Notify on failed/stuck runs

Many things can cause the training process to fail or get stuck:

hardware failure
power outage
programmatic error

At first, it may seem a relatively easy, however checking that everything is OK with the training run is proven to be a non-trivial task.

In some cases the training process may not even have a chance to notify about the failure. The process could also be stuck due to

network issues
filesystem I/O issues
etc

With this in mind, the following definition of failed process is used:

The Run is considered as failed if it hasn’t reported any progress in a predefined time-interval.

Once the progress is not reported for the given period of time, a notification will be sent to the enabled channels.

See how to set up the notification service and add notification channels here.

Run progress reporting SDK

Aim SDK provides interface for reporting Run progress. The Run class has now two methods: report_progress and report_successful_finish to report progress and successful finish respectively. Here’s a small code snippet showing how Run.report_progress() method can be integrated in the training loop.

from aim import Run

# prep dataset and model
...
aim_run = Run()

for epoch in range(num_epochs):
    for i, (images, labels) in enumerate(train_loader):
        images = images.to(device)
        labels = labels.to(device)

        # Forward pass
        outputs = model(images)
        loss = criterion(outputs, labels)

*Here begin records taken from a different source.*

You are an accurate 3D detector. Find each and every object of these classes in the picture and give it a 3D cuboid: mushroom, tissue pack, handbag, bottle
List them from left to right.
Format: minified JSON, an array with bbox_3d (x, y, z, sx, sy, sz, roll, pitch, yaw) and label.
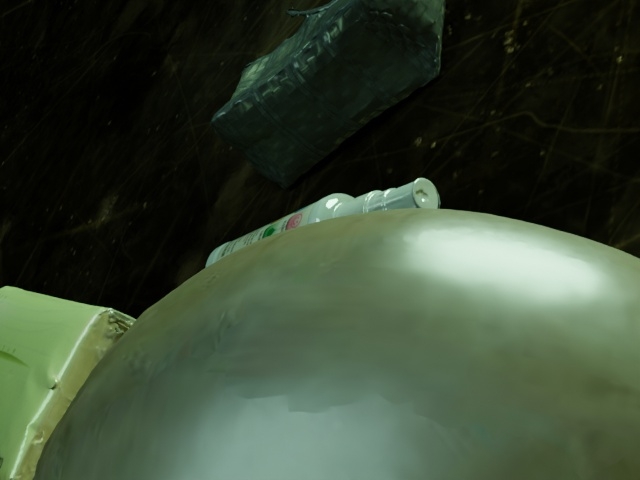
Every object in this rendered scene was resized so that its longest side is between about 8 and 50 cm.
[{"bbox_3d":[-0.213,0.133,1.111,0.234,0.125,0.159,6,68,57],"label":"tissue pack"},{"bbox_3d":[0.000,0.000,0.982,0.217,0.060,0.060,-25,43,46],"label":"bottle"},{"bbox_3d":[0.011,-0.161,1.110,0.270,0.088,0.175,-36,28,34],"label":"handbag"},{"bbox_3d":[0.050,0.169,0.559,0.362,0.294,0.362,-4,81,25],"label":"mushroom"}]
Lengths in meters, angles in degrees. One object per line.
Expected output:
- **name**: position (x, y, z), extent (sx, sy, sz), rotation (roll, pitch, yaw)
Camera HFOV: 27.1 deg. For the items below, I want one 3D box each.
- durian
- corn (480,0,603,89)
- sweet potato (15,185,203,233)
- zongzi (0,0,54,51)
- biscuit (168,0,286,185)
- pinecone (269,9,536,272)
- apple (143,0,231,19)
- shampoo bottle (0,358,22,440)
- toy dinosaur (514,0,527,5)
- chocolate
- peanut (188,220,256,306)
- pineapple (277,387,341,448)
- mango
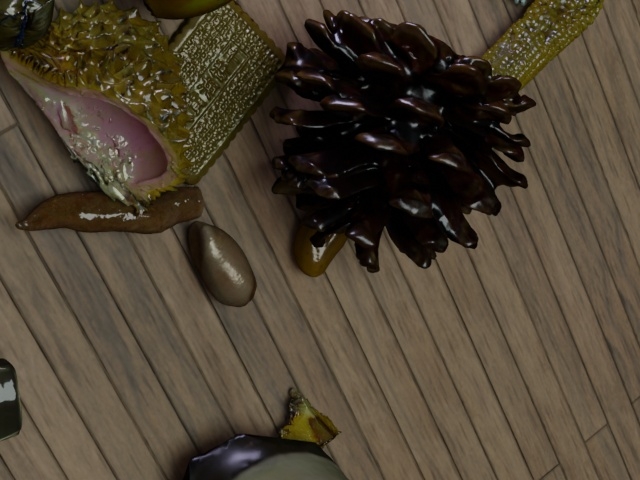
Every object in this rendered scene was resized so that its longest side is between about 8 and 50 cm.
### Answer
- **durian**: position (-0.260, -0.212, 1.782), extent (0.305, 0.185, 0.196), rotation (47, 52, -20)
- **corn**: position (0.344, -0.319, 2.169), extent (0.320, 0.097, 0.097), rotation (-45, 115, -15)
- **sweet potato**: position (-0.297, -0.038, 1.854), extent (0.281, 0.059, 0.067), rotation (-4, 55, -29)
- **zongzi**: position (-0.343, -0.393, 1.708), extent (0.289, 0.123, 0.260), rotation (-23, 77, -29)
- **biscuit**: position (-0.165, -0.223, 1.926), extent (0.172, 0.029, 0.254), rotation (43, 75, -26)
- **pinecone**: position (0.108, -0.133, 1.881), extent (0.397, 0.397, 0.398), rotation (-4, 99, -29)
- **apple**: position (-0.195, -0.406, 1.767), extent (0.207, 0.237, 0.237), rotation (-37, 113, -25)
- **shampoo bottle**: position (-0.569, 0.236, 1.723), extent (0.350, 0.084, 0.126), rotation (-8, 103, -28)
- **toy dinosaur**: position (0.296, -0.517, 2.138), extent (0.167, 0.053, 0.242), rotation (13, 90, -32)
- **chocolate**: position (-0.038, 0.481, 1.916), extent (0.326, 0.297, 0.314), rotation (15, 100, -28)
- **peanut**: position (-0.145, 0.034, 1.943), extent (0.076, 0.076, 0.152), rotation (-40, 114, -19)
- **pineapple**: position (-0.021, 0.282, 2.053), extent (0.114, 0.077, 0.114), rotation (-27, 96, -30)
- **mango**: position (0.000, 0.000, 2.030), extent (0.080, 0.060, 0.114), rotation (19, 90, -28)
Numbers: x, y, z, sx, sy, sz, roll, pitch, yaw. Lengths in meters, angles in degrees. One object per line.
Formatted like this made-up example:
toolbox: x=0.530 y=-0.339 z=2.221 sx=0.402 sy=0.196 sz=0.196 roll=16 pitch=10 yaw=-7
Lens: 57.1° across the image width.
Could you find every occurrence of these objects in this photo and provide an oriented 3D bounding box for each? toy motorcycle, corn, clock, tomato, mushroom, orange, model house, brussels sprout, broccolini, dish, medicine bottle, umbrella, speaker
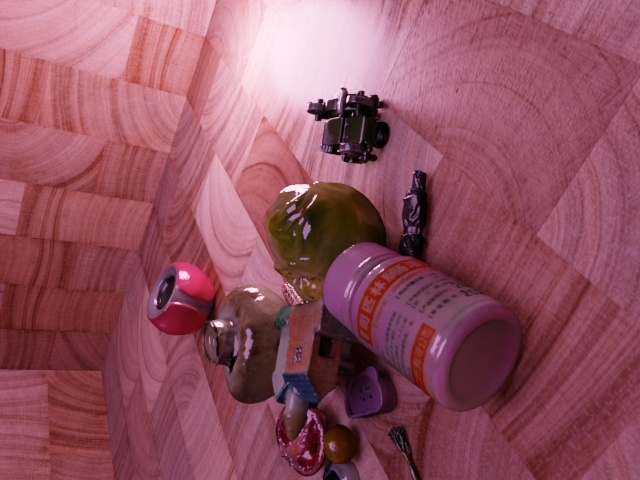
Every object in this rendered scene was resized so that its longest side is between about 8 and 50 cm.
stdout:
toy motorcycle: x=0.070 y=-0.309 z=1.615 sx=0.275 sy=0.127 sz=0.205 roll=7 pitch=89 yaw=52
corn: x=-0.058 y=0.187 z=1.732 sx=0.237 sy=0.080 sz=0.079 roll=46 pitch=121 yaw=53
clock: x=0.118 y=0.368 z=1.422 sx=0.153 sy=0.050 sz=0.109 roll=-36 pitch=53 yaw=50
tomato: x=-0.028 y=0.523 z=1.581 sx=0.189 sy=0.099 sz=0.173 roll=42 pitch=111 yaw=35
mushroom: x=-0.208 y=0.307 z=1.758 sx=0.352 sy=0.261 sz=0.351 roll=-7 pitch=83 yaw=63
orange: x=0.047 y=0.508 z=1.469 sx=0.085 sy=0.085 sz=0.095 roll=-33 pitch=61 yaw=51
model house: x=-0.006 y=0.329 z=1.440 sx=0.267 sy=0.194 sz=0.324 roll=-21 pitch=53 yaw=58
brussels sprout: x=0.000 y=0.000 z=1.474 sx=0.344 sy=0.268 sz=0.343 roll=-5 pitch=80 yaw=27
broccolini: x=0.186 y=0.477 z=1.300 sx=0.030 sy=0.035 sz=0.139 roll=-59 pitch=39 yaw=39
dish: x=0.030 y=0.620 z=1.477 sx=0.141 sy=0.078 sz=0.141 roll=-22 pitch=65 yaw=56
medicine bottle: x=0.186 y=0.152 z=1.182 sx=0.388 sy=0.219 sz=0.219 roll=33 pitch=110 yaw=53
umbrella: x=0.215 y=-0.047 z=1.363 sx=0.066 sy=0.059 sz=0.235 roll=2 pitch=85 yaw=41
speaker: x=-0.561 y=0.227 z=2.369 sx=0.294 sy=0.295 sz=0.294 roll=-21 pitch=65 yaw=55

        # Report progress assuming each iteration shoud take less than 3 sec.
        aim_run.report_progress(expect_next_in=3)

        # Backward and optimize
        optimizer.zero_grad()
        loss.backward()
        optimizer.step()

        if i % 30 == 0:
            # Track data with aim
            aim_run.track(loss.item(), name='loss', epoch=epoch)

...
# Training is done, report success
aim_run.report_successful_finish()

report_progress() takes an ETA (in seconds) of the next anticipated progress report call.

Detailed description of interfaces is available in aim SDK reference.

Note

Additional grace period of 100s is enabled to compensate for possible hardware (e.g. filesystem) latency.